Quienes consiguen llegar a Europa de manera irregular con frecuencia quedan varados en una de las islas griegas. Lesbos es la mayor, con el tristemente famoso campo de refugiados de Moria como símbolo del fracaso de las políticas europeas para los refugiados. Moria se está convirtiendo en un gueto europeo. Se encuentra abarrotado, con servicios mínimos y ninguna atención médica. El campo, con una capacidad que no excede las 2.500 personas, alberga en la actualidad a más de 22.000 personas en su interior y en los alrededores. Las tiendas están unas encima de otras y no hay espacio ni manera alguna de mantener distancia social o tener intimidad. Muchos niños pequeños no reciben educación ni atención médica. Con la pandemia de coronavirus, las circunstancias han empeorado gravemente. Los refugiados están muy asustados, aterrorizados por el virus porque saben que no hay tratamiento médico y que el campo está superpoblado. Durante el confinamiento, las autoridades impusieron restricciones estrictas al movimiento y muchos perdieron las ayudas mensuales porque las autoridades les dijeron que “debido al coronavirus, los empleados no pueden procesar los traslados del campo a otro lugar”. Esto les dejó desolados porque la comida es escasa y mala. Los refugiados estaban desesperados, pidiendo gel desinfectantes y mascarillas, imposibles de encontrar en la isla.
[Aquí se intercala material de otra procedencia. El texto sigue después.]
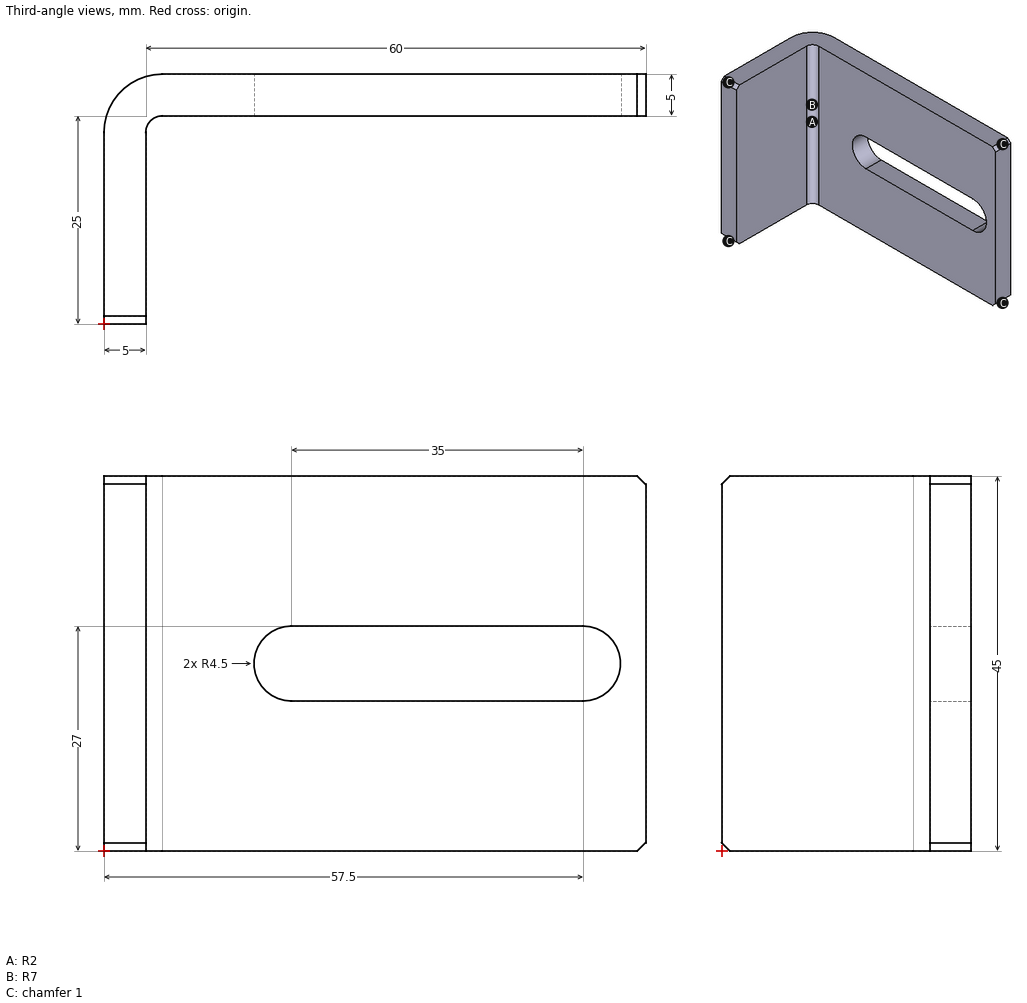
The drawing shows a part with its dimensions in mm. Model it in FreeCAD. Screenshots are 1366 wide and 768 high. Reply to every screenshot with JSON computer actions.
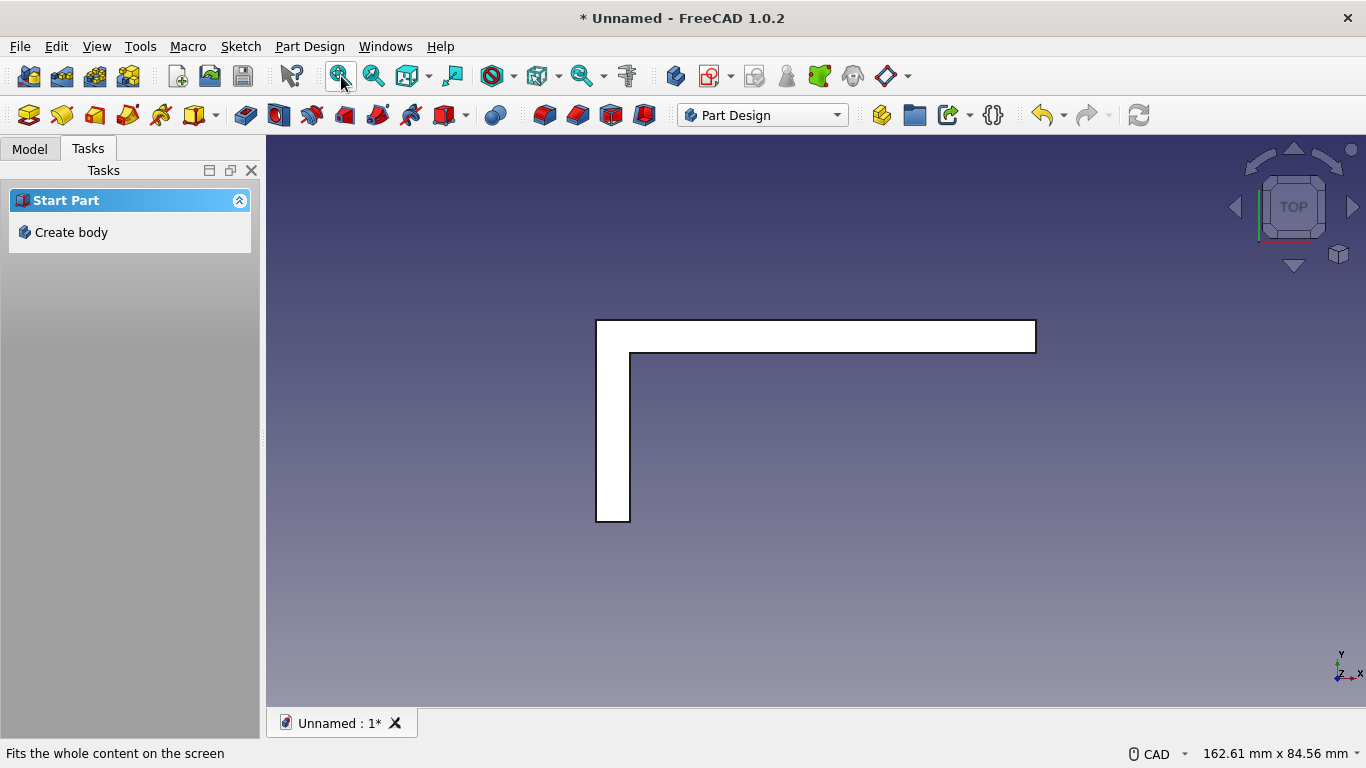
{"action": "key", "text": "1"}

Lo que hace a la gente marcharse es una reacción en cadena: los conflictos que destruyen las infraestructuras económicas de países y regiones, la pérdida de perspectivas para ganarse la vida, la incapacidad de desarrollar actividades económicas y la amenaza continua de perder la vida. Es probable que el brote de COVID-19 lleve a millones de hogares a la pobreza; hasta 60 millones de personas más en el mundo. En Oriente Próximo y el Norte de África, se espera una fuerte caída de los ingresos de los hogares según el FMI, conforme las exportaciones disminuyen y la distancia social reduce la actividad doméstica, lo que se traduce en un descenso de los ingresos, especialmente para los trabajadores informales y poco cualificados. La pérdida de ingresos afectará no solo a los hogares sino también a las comunidades locales a las que contribuyen y apoyan. En definitiva, esto provocará un flujo continuo de personas que huyen hacia áreas urbanas y países donde esperan tener mayores oportunidades de sobrevivir, a pesar de las medidas tomadas por la UE para cerrar las fronteras a través del acuerdo con Turquía y activar la actividad económica en el Norte de África.
Saskia Harkema, Saadet Ozdemir, Carin Beijer, Alice Mpofu-Coles, Max Koffi & Ghias Aljundi
La Dra. Saskia Harkema es CEO y fundadora de Faces of Change. Saadet Ozdemir es líder del grupo educativo para Oriente Próximo y Norte de África en Impact Leaders International. Alice Mpofu-Coles es Embajadora Especialista en Female Wave of Change y tiene su propia página web. Max Koffi es CEO y fundador de Africa in Motion. Ghias Aljundi es consultor sobre derechos humanos.